PetroQuest Energy, Inc. (PQ) announced today that the Company recorded net income available to common stockholders for the quarter ended March 31, 2013 of $2,607,000, or $0.04 per share, compared to first quarter 2012 net loss to common stockholders of $18,608,000, or $0.30 per share. The 2012 period included a non-cash ceiling test impairment of $20,111,000.

Discretionary cash flow for the first quarter of 2013 was $18,632,000, as compared to $19,648,000 for the comparable 2012 period.  See the attached schedule for a reconciliation of net cash flow provided by operating activities to discretionary cash flow.

Oil and gas sales during the first quarter of 2013 were $35,976,000, as compared to $35,997,000 in the first quarter of 2012. Production for the first quarter of 2013 was 8,255,580 Mcfe, as compared to 8,170,100 Mcfe in the first quarter of 2012. Pro forma for the Fayetteville asset divestiture in December 2012, production during the first quarter of 2013 was 7% higher than the comparable 2012 period.

Oil and NGL volumes comprised approximately 22% of the Company’s total production during the first quarter of 2013 as compared to 18% in the 2012 period.  The increased percentage of liquids production was due to a 79% increase in NGL production since the first quarter of 2012.  Stated on an Mcfe basis, unit prices received during the first quarter of 2013 were 1% lower than the comparable 2012 period.

Lease operating expenses (“LOE”) for the first quarter of 2013 totaled $9,719,000, as compared to $9,665,000 in the first quarter of 2012. LOE per Mcfe was $1.18 in each of the first quarters of 2013 and 2012.

Depreciation, depletion and amortization (“DD&A”) on oil and gas properties for the first quarter of 2013 was $1.53 per Mcfe as compared to $1.83 per Mcfe in the first quarter of 2012.  The decline in the DD&A rate was primarily the result of non-cash ceiling test impairments recorded during 2012.

General and administrative expenses during the first quarter of 2013 totaled $4,716,000, as compared to $5,579,000 during the 2012 period.
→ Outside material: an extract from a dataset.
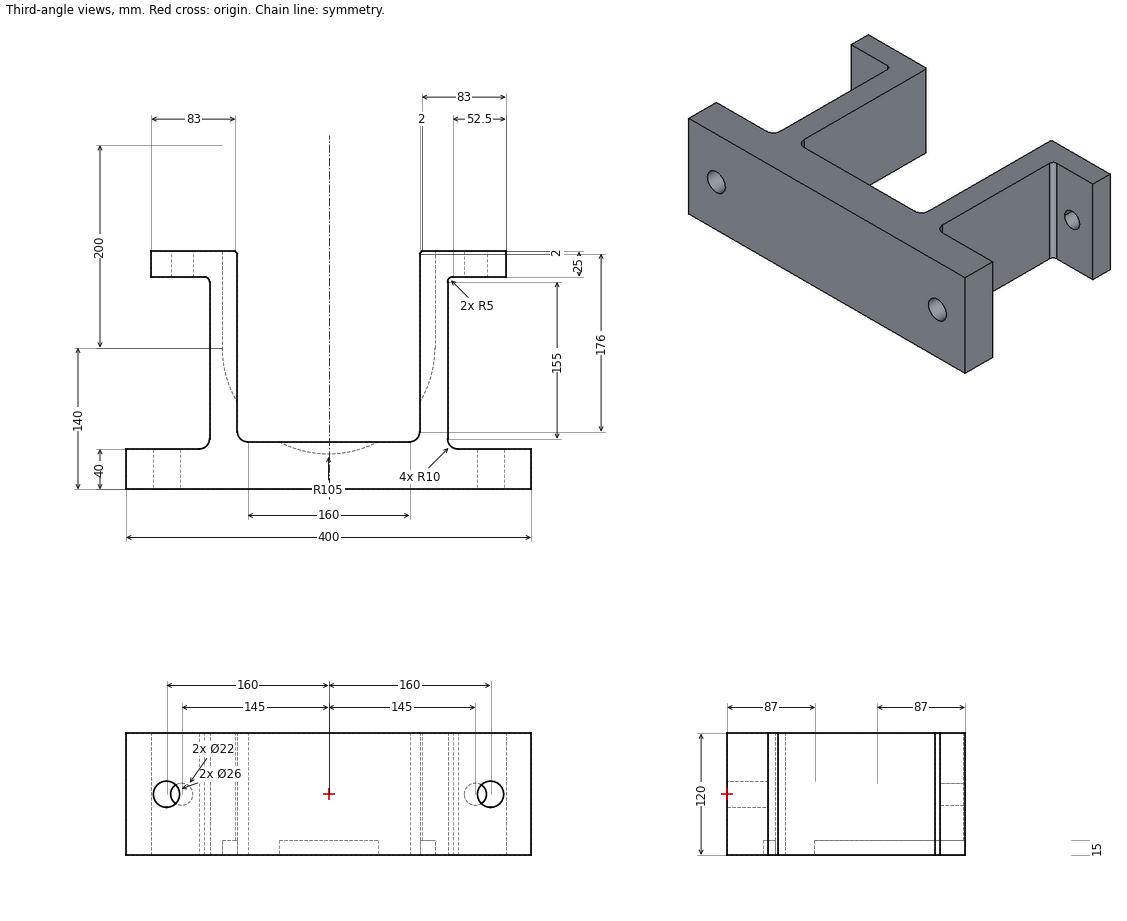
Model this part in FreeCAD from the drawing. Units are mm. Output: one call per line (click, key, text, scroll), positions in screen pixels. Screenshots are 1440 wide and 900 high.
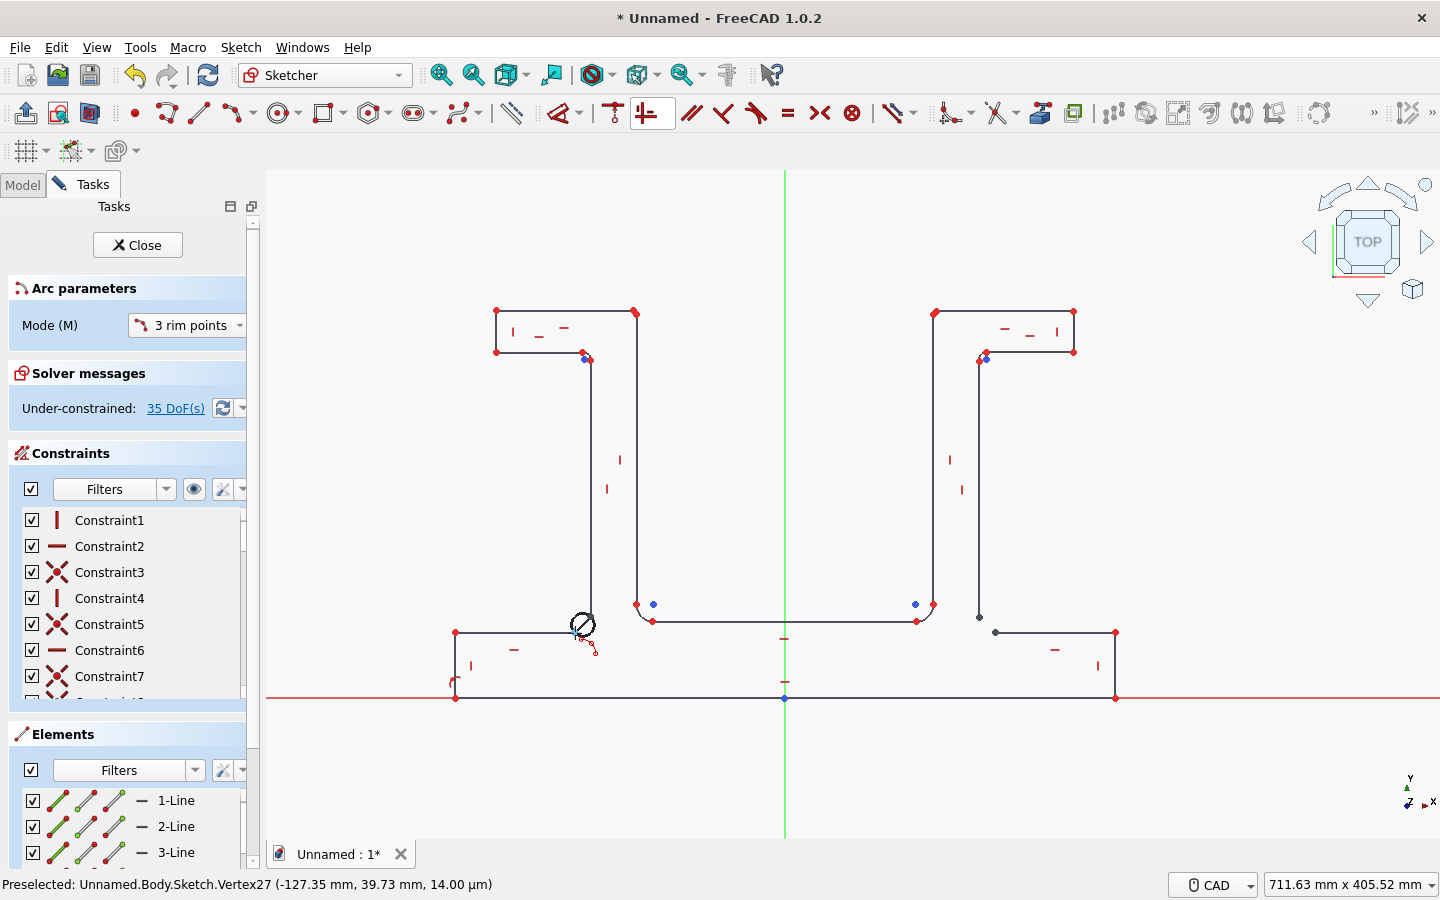
scroll(586, 628, up, 6)

Included in first quarter 2013 and 2012 general and administrative expenses were non-cash stock compensation costs totaling $556,000 and $1,923,000, respectively.

Interest expense for the first quarter of 2013 increased to $2,864,000, as compared to $2,270,000 in the first quarter of 2012. The increase in interest expense was the result of increased borrowings outstanding under the Company’s credit facility.  During March 2013, the Company’s bank group completed its semi-annual redetermination of the borrowing base under the credit facility and increased the borrowing base from $130,000,000 to $150,000,000. The Company had $60,000,000 of borrowings outstanding at March 31, 2013.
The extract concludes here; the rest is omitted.